༺ A Tropical Garden: Thoughts on Invisible Illness ༻

We went out this weekend and had a lovely time at the movies, {we saw Ninjago: A Lego Movie}. We don’t get to visit the cinema much unless it’s a family friendly feature ~ would you believe we left all our babysitters behind in Australia? Haha…

As luck would have it, a parcel had arrived on my doorstep the morning before, so I got to pick a new dress to wear! I really love this one with cheerful flowers, and it went perfectly with a simple scarf and my Erstwilder Pink Lemonade brooch.

We arrived home from the shopping mall just in time for me to drive to the park that’s in our Moo Baan and snap some quick photos before the light completely disappeared. The ground was so soggy, my platforms just about sunk in the mud all the way over the top of my shoes!  (○ _ ○)
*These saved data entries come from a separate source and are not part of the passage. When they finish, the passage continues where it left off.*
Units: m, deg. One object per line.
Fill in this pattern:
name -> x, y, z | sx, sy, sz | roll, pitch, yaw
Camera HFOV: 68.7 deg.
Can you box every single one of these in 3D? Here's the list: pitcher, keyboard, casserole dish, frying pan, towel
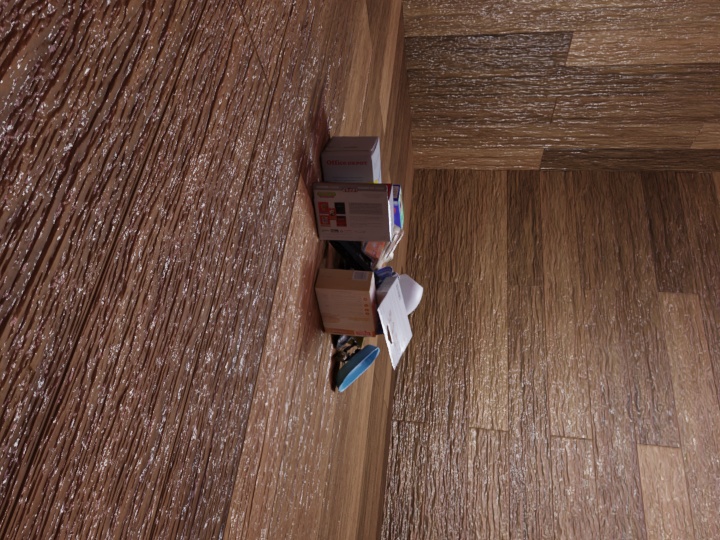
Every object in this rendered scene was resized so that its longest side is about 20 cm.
pitcher -> 0.115, 0.109, 1.776 | 0.201, 0.121, 0.171 | -51, 162, 1
keyboard -> -0.017, -0.035, 1.457 | 0.021, 0.200, 0.128 | -38, 166, -25
casserole dish -> -0.015, 0.311, 1.711 | 0.199, 0.039, 0.122 | -38, 157, -35
frying pan -> -0.039, 0.170, 1.642 | 0.115, 0.031, 0.192 | -43, 156, -36
towel -> 0.050, 0.097, 1.597 | 0.144, 0.024, 0.204 | -25, -124, 57

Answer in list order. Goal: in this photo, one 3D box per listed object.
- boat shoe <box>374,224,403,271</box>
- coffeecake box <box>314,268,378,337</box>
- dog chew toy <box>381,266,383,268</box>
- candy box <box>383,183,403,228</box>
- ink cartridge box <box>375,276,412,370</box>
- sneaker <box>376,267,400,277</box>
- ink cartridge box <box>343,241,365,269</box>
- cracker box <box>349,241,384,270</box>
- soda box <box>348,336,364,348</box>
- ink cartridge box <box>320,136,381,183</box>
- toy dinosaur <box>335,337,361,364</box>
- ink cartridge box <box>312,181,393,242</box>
boat shoe -> 0.080, -0.055, 1.728 | 0.202, 0.064, 0.071 | -62, -157, 0
coffeecake box -> -0.034, 0.093, 1.463 | 0.202, 0.151, 0.074 | 82, 15, -46
dog chew toy -> 0.045, 0.031, 2.013 | 0.125, 0.122, 0.203 | 66, 20, -68
candy box -> 0.069, -0.227, 1.916 | 0.201, 0.166, 0.078 | 74, 25, -61
ink cartridge box -> 0.083, 0.147, 1.473 | 0.174, 0.043, 0.203 | -50, 131, -53
sneaker -> 0.081, 0.093, 1.660 | 0.074, 0.079, 0.204 | 42, 54, -77
ink cartridge box -> -0.004, -0.069, 1.813 | 0.200, 0.074, 0.168 | -60, 152, -67
cracker box -> 0.000, 0.000, 1.646 | 0.201, 0.057, 0.134 | -59, -176, 28
soda box -> -0.004, 0.166, 1.747 | 0.202, 0.067, 0.064 | 102, 8, -45
ink cartridge box -> -0.019, -0.259, 1.482 | 0.146, 0.143, 0.203 | -74, 163, -53
toy dinosaur -> -0.039, 0.274, 1.728 | 0.088, 0.048, 0.200 | -40, 163, -7
ink cartridge box -> -0.015, -0.171, 1.369 | 0.085, 0.196, 0.178 | -76, 166, -48

It has been raining a lot recently, they don’t call it the rainy season for nothing. I don’t mind it all. It means I can stay inside.

Admittedly, things have taken a turn for the worse regarding my health. It’s like the last of the strength I had gained on my supplements has finally depleted, and my body has checked out.

You can see it in my acne troubled skin, my extremely puffy face and body {guess who’s back, dun-da, back again – dun-da, bloating’s back – dun-da, it’s bought a friend – aching tum-my!}, and in my belly which, due to insane levels of inflammation -no joke-  looks like I’m six months pregnant most days…

Am I exaggerating?

Sadly, no…

I think I’ve been asked at least three times when my baby is due over the last few months, and the other day an older Thai lady said in rather broken English that I looked “extremely pregnant” and that I was about to have baby number four any day! Colour me mortified. I think I flushed redder than my lipstick.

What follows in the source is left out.